Someone
sent this to me and I thought it was one ofthe funniest things
I had ever read.
For my Birthday this year, my wife (the dear) purchased
a week of private lessons at the local health club for me. Although
I am still in great shape since playing on my high school softball
team, I decided it would be a good idea to go ahead and give
it a try.
I called the club and made my reservations with a personal
trainer named Tawny, who identified herself as a 26-year old
aerobics instructor and model for athletic clothing and swim
wear. My wife seemed pleased with my enthusiasm to get started.
The club encouraged me to keep a diary to chart my progress.
Monday:
Started my day at 6:00 AM. Tough to get out of bed, but found
it was well worth it when I arrived at the health club to find
Tawny waiting for me. (She is something of a goddess with blond
hair, dancing eyes, and a dazzling white smile. WOO HOO!!!)
Tawny gave me a tour and showed me the machines. She took my
pulse after five minutes on the treadmill. She was alarmed that
my pulse was so fast, but I attribute it to standing next to
her in her aerobic outfit. (I enjoyed watching the skillful
way in which she conducted her aerobics class after my own workout
today. Very inspiring.) Tawny was encouraging as I did my sit-ups,
although my gut was already aching from holding it in the whole
time she was around. This is going to be a FANTASTIC week!!
Tuesday:
I drank a whole pot of coffee, but I finally made it out of
the door. Tawny made me lie on my back and push a heavy iron
bar into the air...then she put weights on it! My legs were
a little wobbly on the treadmill, but I made the full mile.
Tawny's rewarding smile made it all worth while. I feel GREAT!!!
It's a whole new life for me.
Wednesday:
The only way I can brush my teeth is by laying the toothbrush
on the counter and moving my mouth back and forth over it. I
believe I have a hernia in both pectorals. Driving was OK as
long as I didn't try to steer or stop. I parked on top of a
Geo in the club lot. Tawny was impatient with me, insisting
that my screams bothered the other club members. (Her voice
is a little too perky for early in the morning, and when she
scolds, she gets this nasally whine that is VERY annoying.)

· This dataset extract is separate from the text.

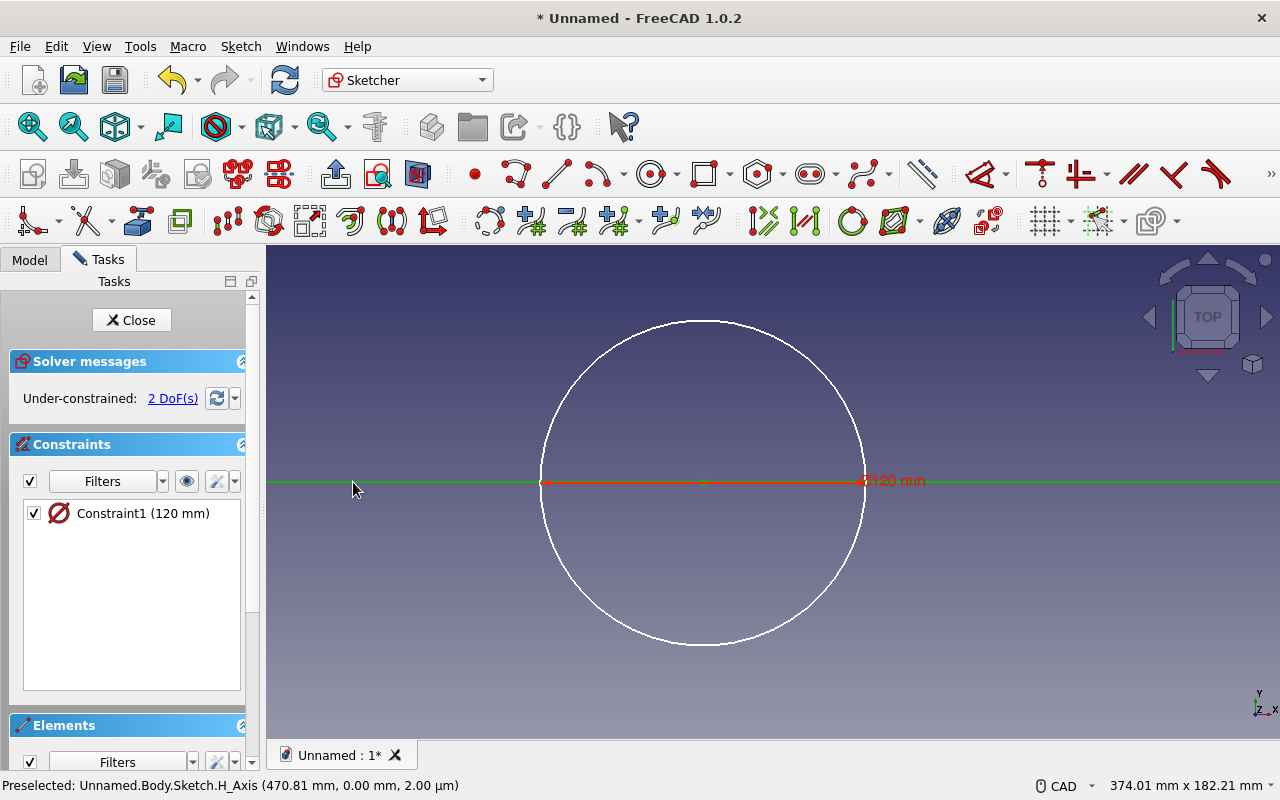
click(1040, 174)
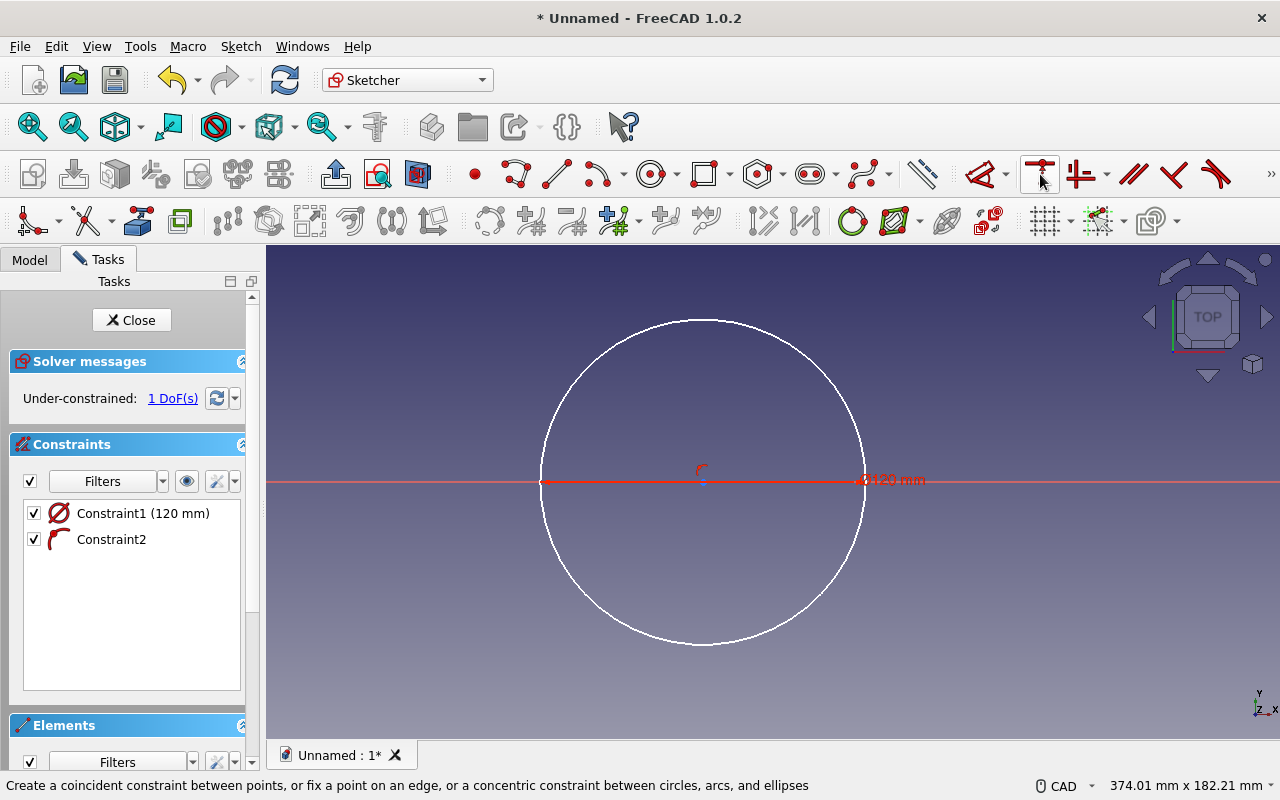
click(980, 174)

My chest hurt when I got on the treadmill, so Tawny put me on
the stair monster. (Why in HELL would anyone invent a machine
to simulate an activity rendered obsolete by elevators?) Tawny
told me it would help me get in shape and enjoy life. She said
some other crap too.
Thursday:
Tawny was waiting for me with her vampire-like teeth exposed
as her thin, cruel lips were pulled back in a full snarl. (I
couldn't help being a half hour late. It took that long for
me to tie my fricking shoes.) Tawny took me to work out with
dumbbells. When she was not looking, I ran and hid in the men's
room. She sent Lars to find me, then, as punishment, put me
on the rowing machine... which I sank.
Friday:
I hate that BITCH Tawny more than any human being has ever hated
any other human being in the history of the world. (Stupid,
skinny, anemic little cheerleader wanna-be BITCH). If there
was a part of my body I could move without unbearable pain,
I would beat her with it. Tawny wanted me to work on my triceps.

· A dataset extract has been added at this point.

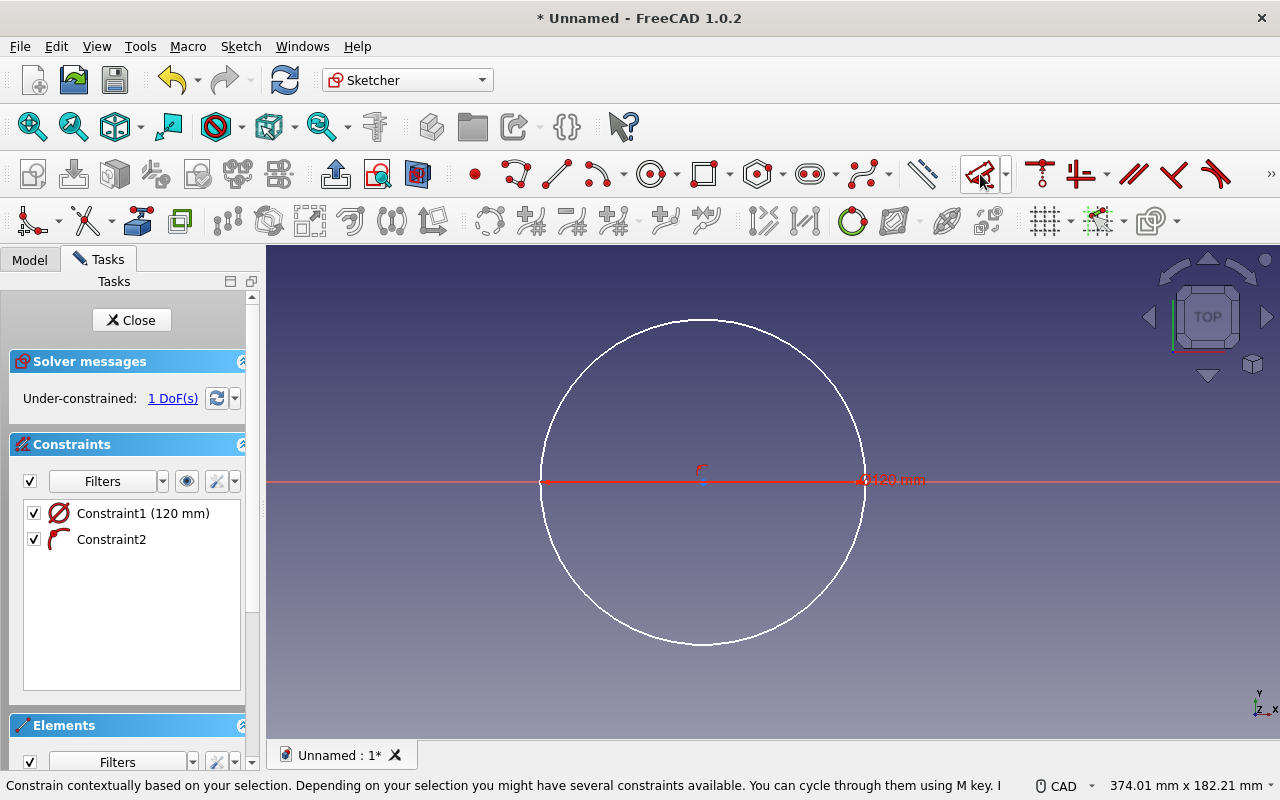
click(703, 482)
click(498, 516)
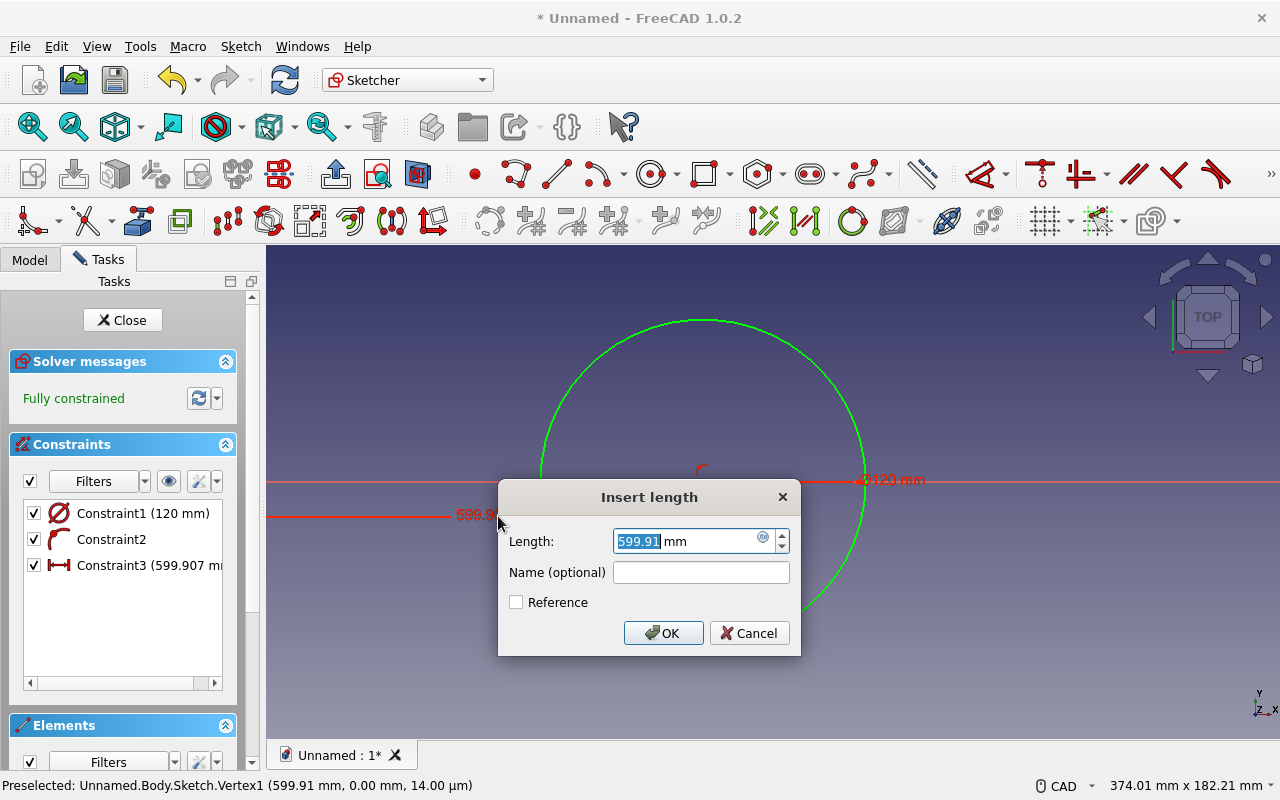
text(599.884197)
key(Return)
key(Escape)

I don't have any triceps! And if you don't want dents in the
floor, don't hand me fricking barbells or anything that weighs
more than a sandwich. (Which I am sure you learned in the sadist
school you attended and graduated magna cum laude from, you
Nazi Bitch.) The treadmill flung me off and I landed on a health
and P.E. teacher. Why couldn't it have been someone softer,
like the drama coach or the choir director?
Saturday:
Tawny left a message on my answering machine in her grating,
shrilly voice wondering why I did not show up today. Just hearing
her made me want to smash the machine with my planner. However,
I lacked the strength even to use the TV remote and ended up
watching eleven straight hours of the son of a bitching weather
channel.
Sunday:
I'm having the church van pick me up for services today so I
can go and thank God that this week is over. I will also pray
that next year my wife (the BITCH) will choose a gift for me
that is fun...like a root canal or a prostatectomy.